The real hardcore animosity toward the organization that lasts to this day, though, has its roots in the emergence of the religious right as a force in Republican politics in the 1970s. As a fundraising appeal of an anti-abortion group put it in 1980, “Planned Parenthood promotes sexual perversion, homosexuality, pornography, abortion, family destruction, population control.” As the quote makes clear, far more than Planned Parenthood’s connection with abortion caused such wrath. The organization’s provision of contraception and its commitment to offering confidential services to teenagers, both made possible through its Title X funding, have been particularly enraging to sexual conservatives. Though abortion may have served as the “battering ram,” as Rosalind Petchesky aptly put it, to mobilize the religious right, in fact, conservative groups oppose all sexuality that does not take place within heterosexual marriage in order to procreate.

Because of its size and history as a recipient of public funding, Planned Parenthood, of course, serves as a useful symbol of an enabler of out-of-control sexual behavior. Contraception’s brief moment of acting as “common ground” between abortion supporters and opponents shortly after the Roe decision in 1973 broke down as the religious right gained strength throughout the 1970s and beyond; the religious right increasingly began to frame contraception as “supportive of the abortion mentality” rather than as something that prevented abortion.

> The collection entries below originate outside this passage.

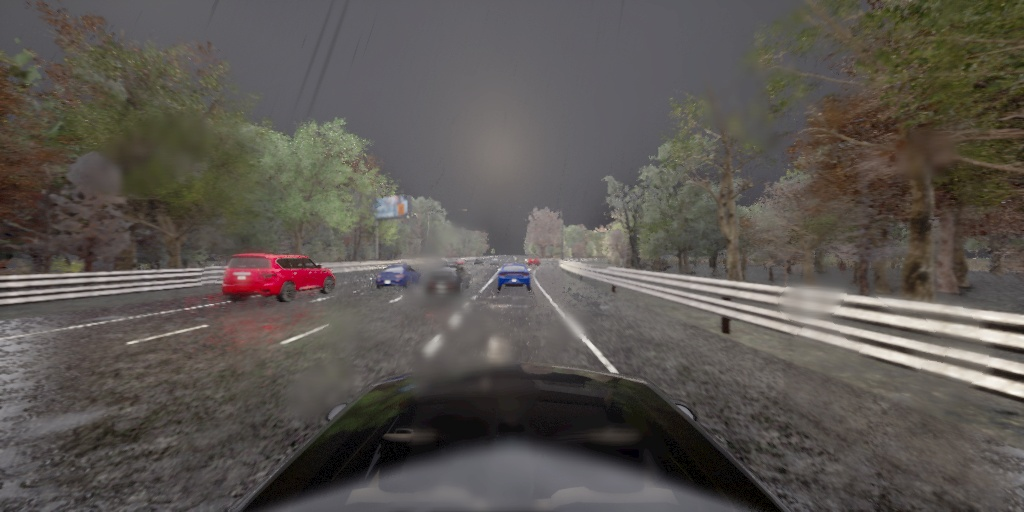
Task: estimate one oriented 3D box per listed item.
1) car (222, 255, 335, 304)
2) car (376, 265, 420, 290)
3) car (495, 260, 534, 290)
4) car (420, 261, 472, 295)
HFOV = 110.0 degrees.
[{"bbox_3d":[-10.389,0.961,16.515,2.150,2.045,5.566,0,0,0],"label":"car"},{"bbox_3d":[-6.884,1.260,22.153,1.812,1.442,4.674,0,0,0],"label":"car"},{"bbox_3d":[0.157,1.211,22.357,1.882,1.535,5.008,0,0,1],"label":"car"},{"bbox_3d":[-3.387,1.242,19.666,1.837,1.490,4.892,0,0,0],"label":"car"}]
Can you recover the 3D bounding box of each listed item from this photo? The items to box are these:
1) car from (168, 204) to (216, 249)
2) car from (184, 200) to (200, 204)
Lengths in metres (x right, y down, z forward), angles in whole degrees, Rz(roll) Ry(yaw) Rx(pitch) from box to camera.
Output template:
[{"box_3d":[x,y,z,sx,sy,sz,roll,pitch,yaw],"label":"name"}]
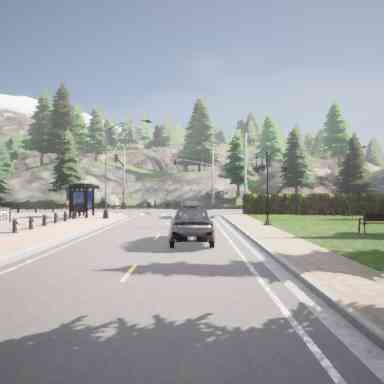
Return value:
[{"box_3d":[0.000,1.494,14.650,2.128,1.511,4.902,0,0,0],"label":"car"},{"box_3d":[0.000,1.484,29.650,1.882,1.535,5.008,0,0,0],"label":"car"}]
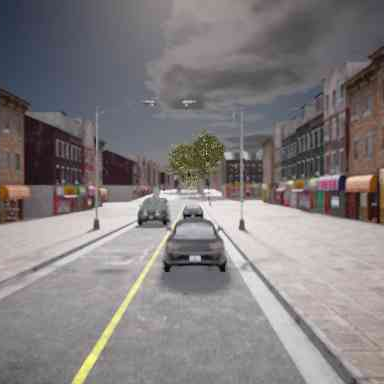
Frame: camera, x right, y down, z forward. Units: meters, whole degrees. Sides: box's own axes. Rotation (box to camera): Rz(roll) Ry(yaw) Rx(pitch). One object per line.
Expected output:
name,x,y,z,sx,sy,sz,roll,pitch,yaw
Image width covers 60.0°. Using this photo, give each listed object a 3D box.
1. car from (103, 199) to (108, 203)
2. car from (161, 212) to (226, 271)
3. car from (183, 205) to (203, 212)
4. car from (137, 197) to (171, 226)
car,-20.370,1.735,71.605,4.507,1.381,1.887,-1,1,0
car,0.090,1.627,11.175,1.812,1.442,4.674,0,0,0
car,0.103,1.864,31.815,1.895,1.301,4.718,0,0,0
car,-2.846,1.454,25.997,2.150,2.045,5.566,0,0,0
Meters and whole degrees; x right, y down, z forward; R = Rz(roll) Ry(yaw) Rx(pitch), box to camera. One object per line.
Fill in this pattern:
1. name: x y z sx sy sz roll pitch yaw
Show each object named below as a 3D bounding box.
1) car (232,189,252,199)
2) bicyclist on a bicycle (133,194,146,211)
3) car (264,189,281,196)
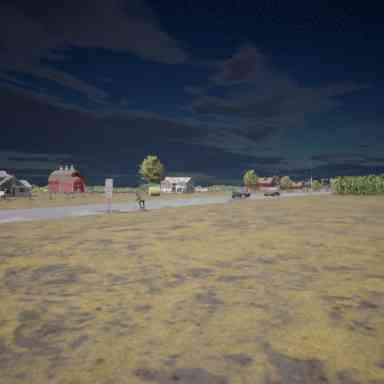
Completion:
1. car: 8.574 0.347 56.805 1.837 1.490 4.892 1 2 36
2. bicyclist on a bicycle: -4.902 0.995 31.130 1.656 1.620 0.582 0 1 35
3. car: 16.445 0.153 67.869 2.033 1.411 5.357 1 2 35
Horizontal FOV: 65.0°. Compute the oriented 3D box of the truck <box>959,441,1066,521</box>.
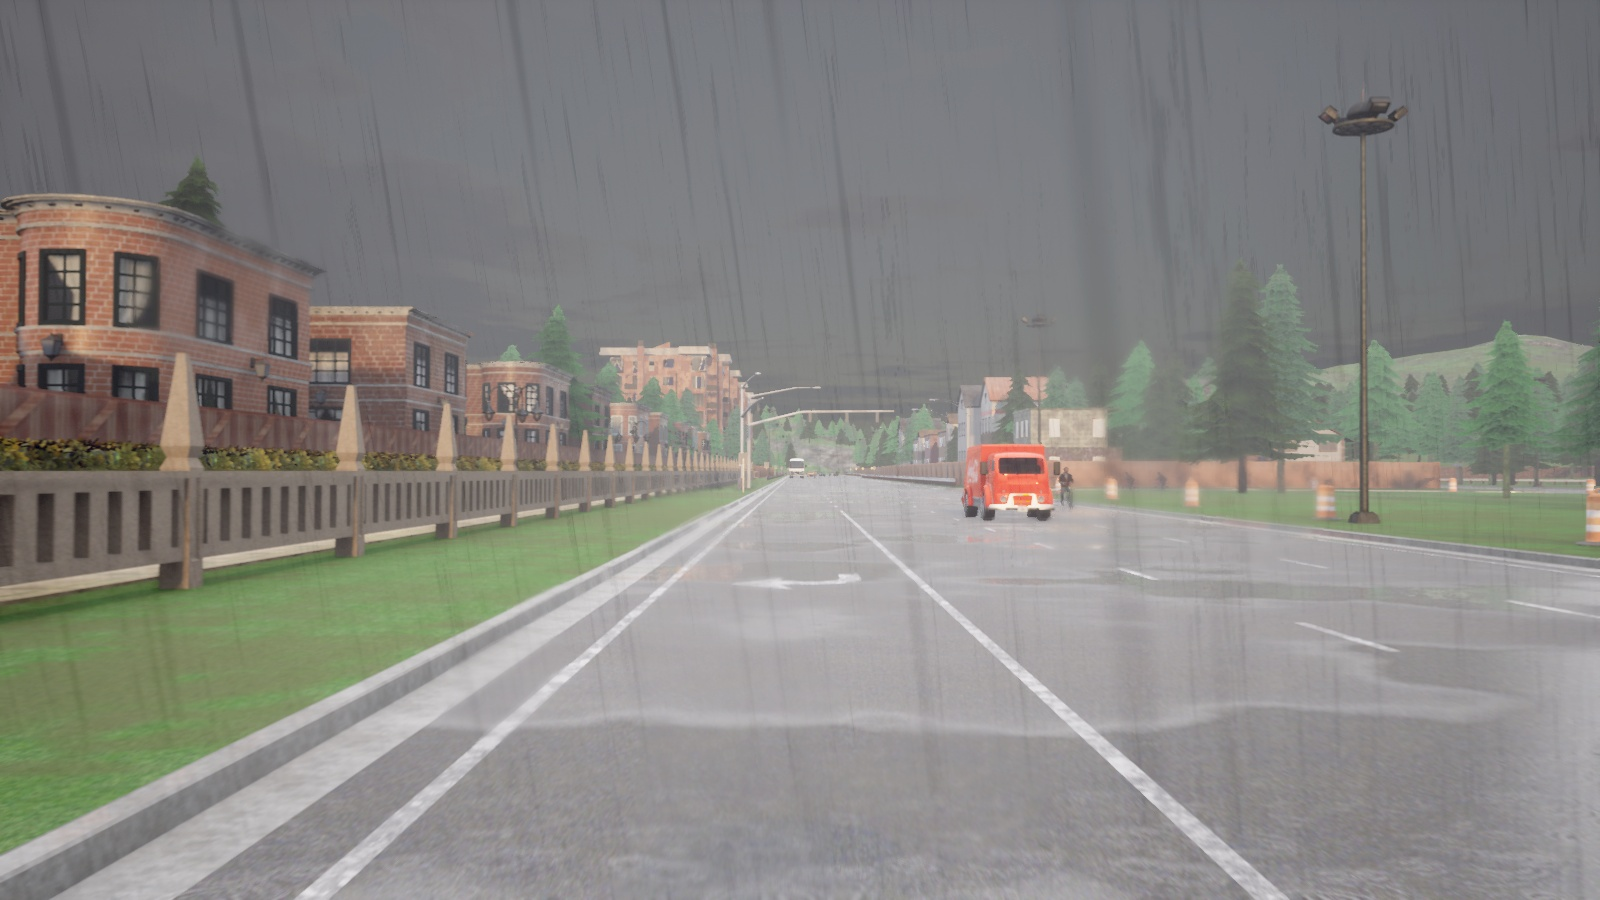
[{"bbox_3d":[6.897,0.994,41.445,2.627,2.467,5.204,0,-1,0],"label":"truck"}]

It is too soon to tell what the political fallout will be from this latest attack on Planned Parenthood. Right now, there are two competing narratives about this incident. There is that of CMP and its political allies, which attempts to convince the public that Planned Parenthood is “selling” fetal tissue, in spite of clear evidence, even on the edited tapes, that this is not the case; and that of Planned Parenthood, which is that the undercover operatives used unethical and illegal means to promote lies about the organization’s practices. (A third narrative that this case could have evoked is disappointingly missing thus far—scientists testifying to the importance of research using fetal tissue and the social good that donation by abortion patients represents). Anti-abortionists’ efforts to use Planned Parenthood as a wedge issue in the 2012 election cycle were a dismal failure; analysts acknowledge that the organization’s support of Obama, symbolized by the high visibility of Cecile Richards, Planned Parenthood’s telegenic president, at campaign events, was a plus. Thus far, polling data have not shown any appreciable drop in support for Planned Parenthood as a result of the videos, and most Americans continue to support the organization, which at least one in five U.S. women will visit at some point.

How U.S. residents will ultimately come to view this controversy—that is, which of the two competing narratives mentioned above will prevail—might be an interesting test case of whether the realities of people’s sexual and reproductive lives in the 21st century are making the religious right an increasingly irrelevant force, in spite of its current hold on Republican politicians.